C’était le matin et j’ai pris le bus. La ville était tout endormie. Les paysages ont défilé sur la vitre et j’étais à la plage.
Le cri des mouettes. Les mouches sur les algues séchées. Des restes de churros mouillés par la bruine de Normandie. La grande roue immobile. L’odeur des poissons frais du port. Les sirènes de départ du ferry pour l’Angleterre.
Je marche jusqu’à la mer qui s’est retirée. Le soleil se lève doucement comme pour ne pas brusquer le ciel. Le sable scintille sur les débris de coquillage. Le bleu de la mer envahit mes yeux, le bruit des vagues murmure le jour à mes oreilles, les embruns m’apportent les parfums de sel, l’écume vient caresser ma peau.
J’offre mon corps à la mer et la fraîcheur de la vague me
saisit. Je nage vers l’horizon et je regarde le bleu de l’eau, en sachant qu’à tout instant la lumière du soleil, devenue plus forte, peut en altérer la couleur. Je pense au ciel qui se reflète sur la mer, à ce soleil incertain qui joue avec les vagues, à l’écume lointaine qui rêve mes cheveux. Je pense aux figures absentes de ce paysage, je pense à un poème, à une image, à une chanson, à ma vie et je voudrais juste vivre.

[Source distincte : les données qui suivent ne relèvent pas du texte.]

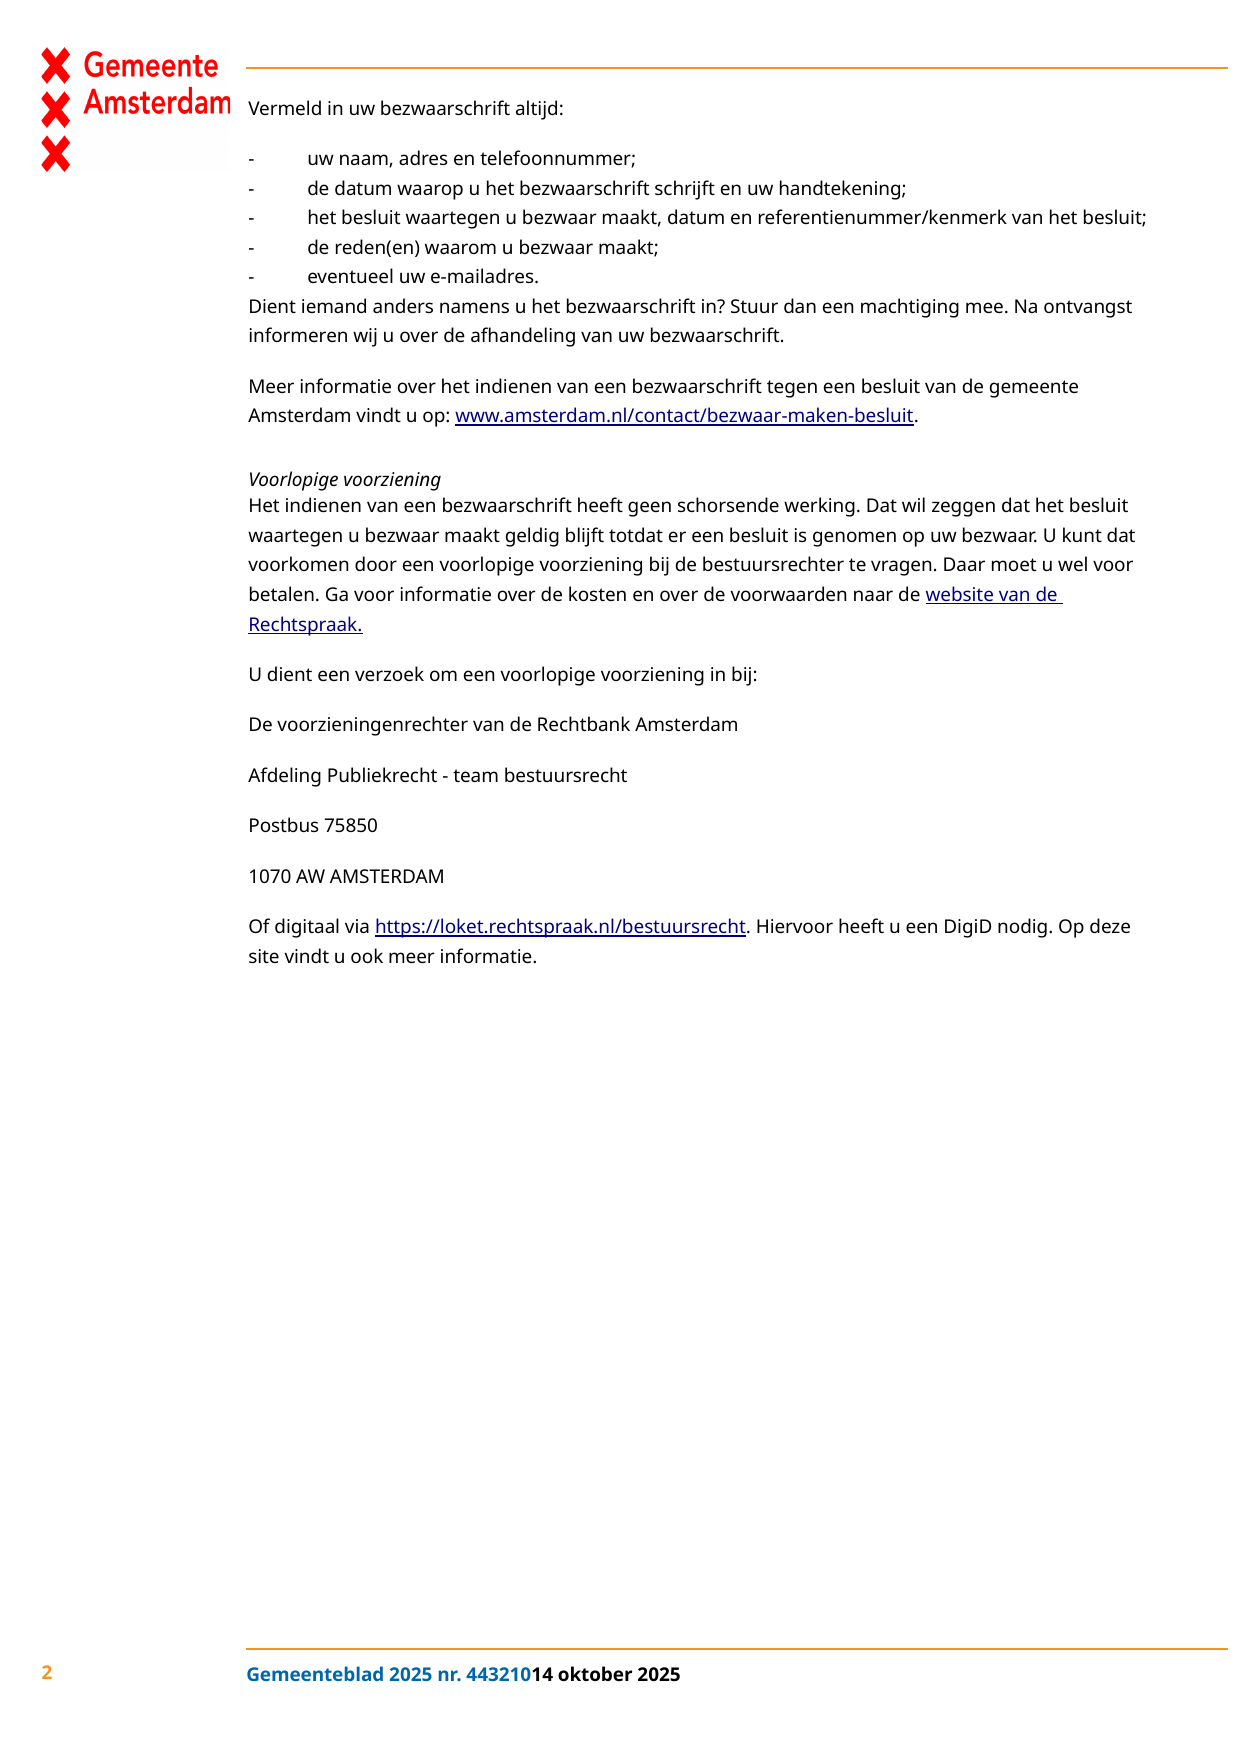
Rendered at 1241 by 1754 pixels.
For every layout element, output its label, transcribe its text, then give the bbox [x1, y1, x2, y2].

text Meer informatie over het indienen van een bezwaarschrift tegen een besluit van de gemeente Amsterdam vindt u op: www.amsterdam.nl/contact/bezwaar-maken-besluit. [248, 373, 1152, 428]
text Voorlopige voorziening [248, 467, 1152, 492]
text Vermeld in uw bezwaarschrift altijd: [248, 95, 1152, 121]
text U dient een verzoek om een voorlopige voorziening in bij: [248, 661, 1152, 687]
list de datum waarop u het bezwaarschrift schrijft en uw handtekening; [248, 175, 1152, 201]
text Of digitaal via https://loket.rechtspraak.nl/bestuursrecht. Hiervoor heeft u een DigiD nodig. Op deze site vindt u ook meer informatie. [248, 913, 1152, 968]
list het besluit waartegen u bezwaar maakt, datum en referentienummer/kenmerk van het besluit; [248, 204, 1152, 230]
list uw naam, adres en telefoonnummer; [248, 145, 1152, 171]
text Postbus 75850 [248, 812, 1152, 838]
list eventueel uw e-mailadres. [248, 263, 1152, 289]
text 1070 AW AMSTERDAM [248, 863, 1152, 888]
text Het indienen van een bezwaarschrift heeft geen schorsende werking. Dat wil zeggen dat het besluit waartegen u bezwaar maakt geldig blijft totdat er een besluit is genomen op uw bezwaar. U kunt dat voorkomen door een voorlopige voorziening bij de bestuursrechter te vragen. Daar moet u wel voor betalen. Ga voor informatie over de kosten en over de voorwaarden naar de website van de Rechtspraak. [248, 492, 1152, 636]
text De voorzieningenrechter van de Rechtbank Amsterdam [248, 712, 1152, 737]
list de reden(en) waarom u bezwaar maakt; [248, 234, 1152, 260]
text Afdeling Publiekrecht - team bestuursrecht [248, 762, 1152, 788]
text Dient iemand anders namens u het bezwaarschrift in? Stuur dan een machtiging mee. Na ontvangst informeren wij u over de afhandeling van uw bezwaarschrift. [248, 293, 1152, 348]
picture [41, 47, 231, 172]
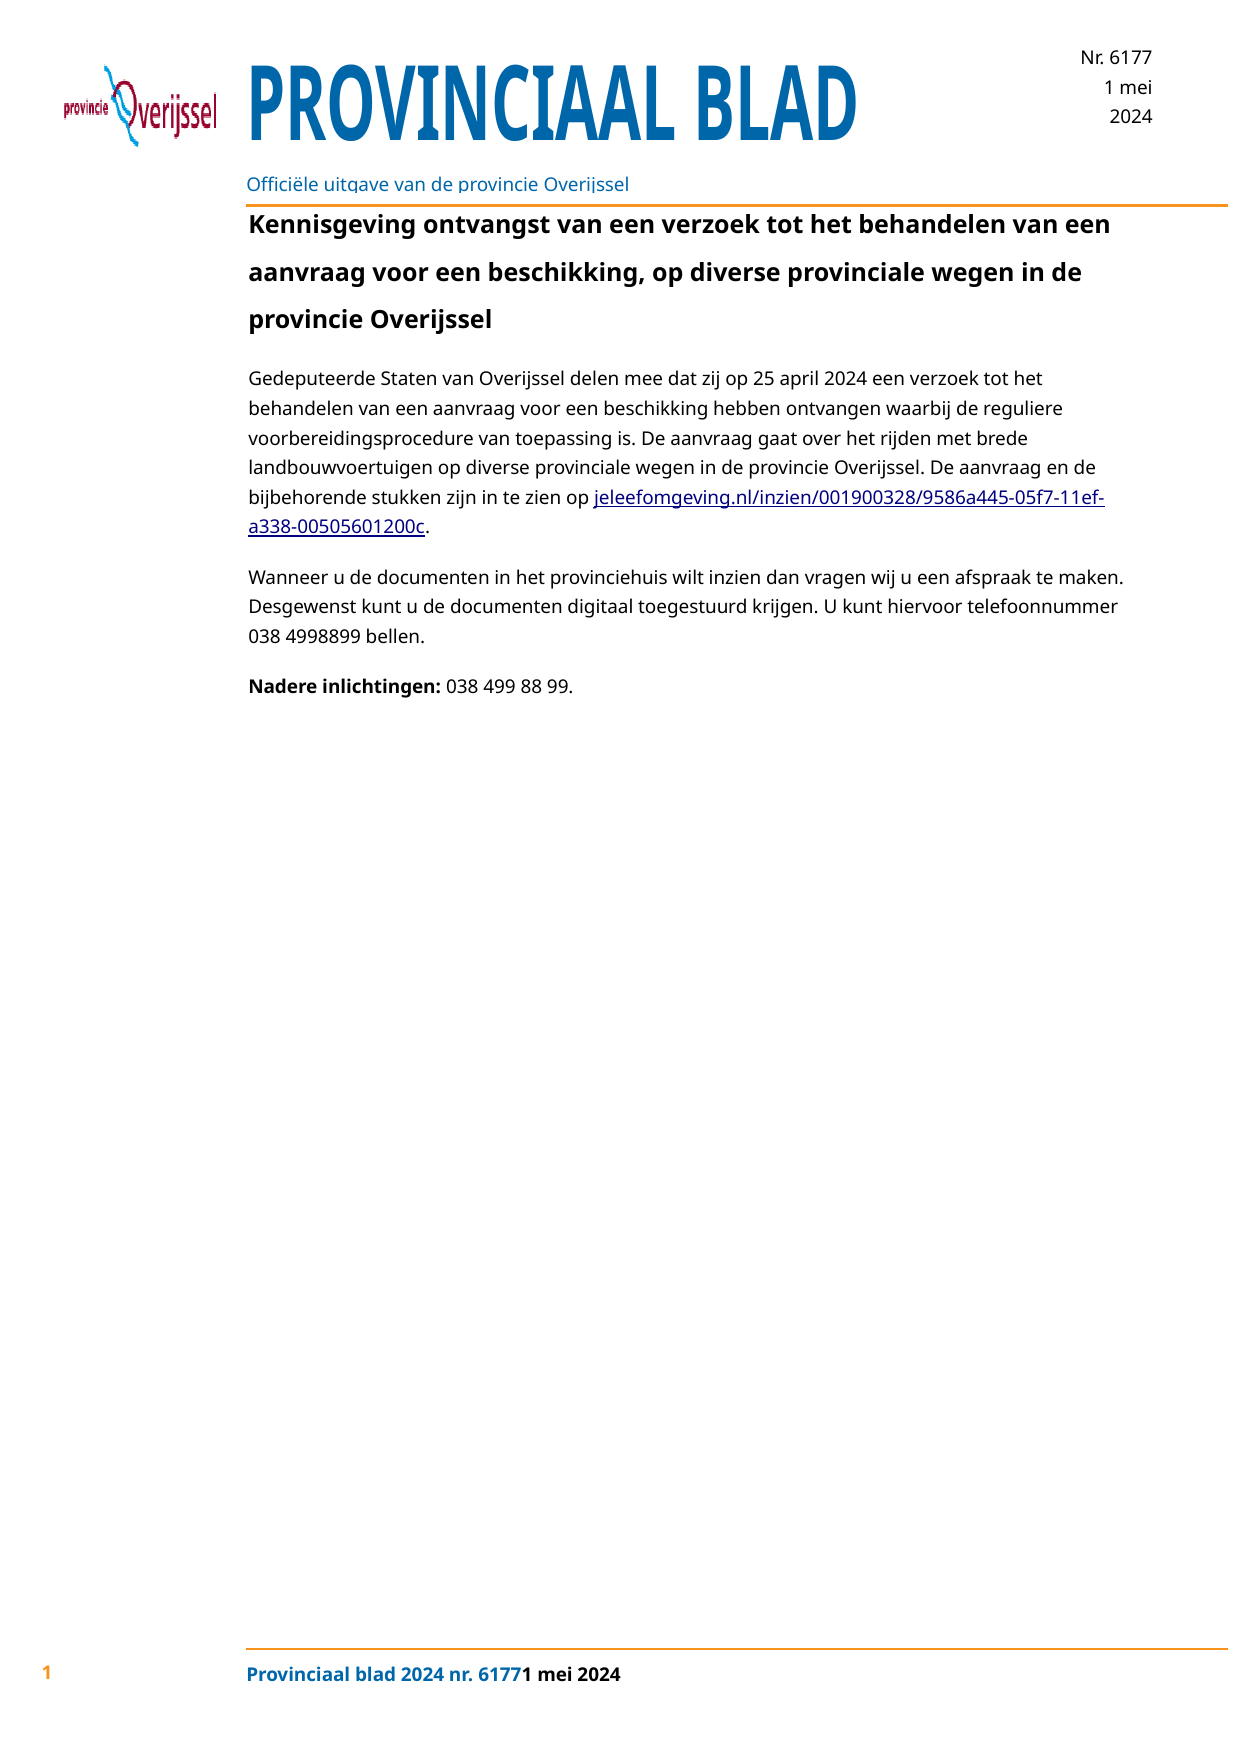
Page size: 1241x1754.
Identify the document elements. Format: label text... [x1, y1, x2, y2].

Alors je remue les bras, je bois la tasse, je vide le ciel, je me plonge, je voudrais m’infuser le sel et qu’il me pousse des algues, que l’eau inonde mon émerveillement, noie mes pensées vagabondes. Défoncer les barrières qui subsistent entre le sensible et moi, pour épouser les éléments, et pour qu’enfin, enfin je cesse de réfléchir, pour que je cesse de me heurter à ces réalités interminables qui font naufrage dans ma tête texture ciel d’orage.
Le cri des mouettes, les algues séchées, la grande roue immobile, le sable tiède, le soleil chaud : je ne sais pas si j’ai, un jour, réussi à exister.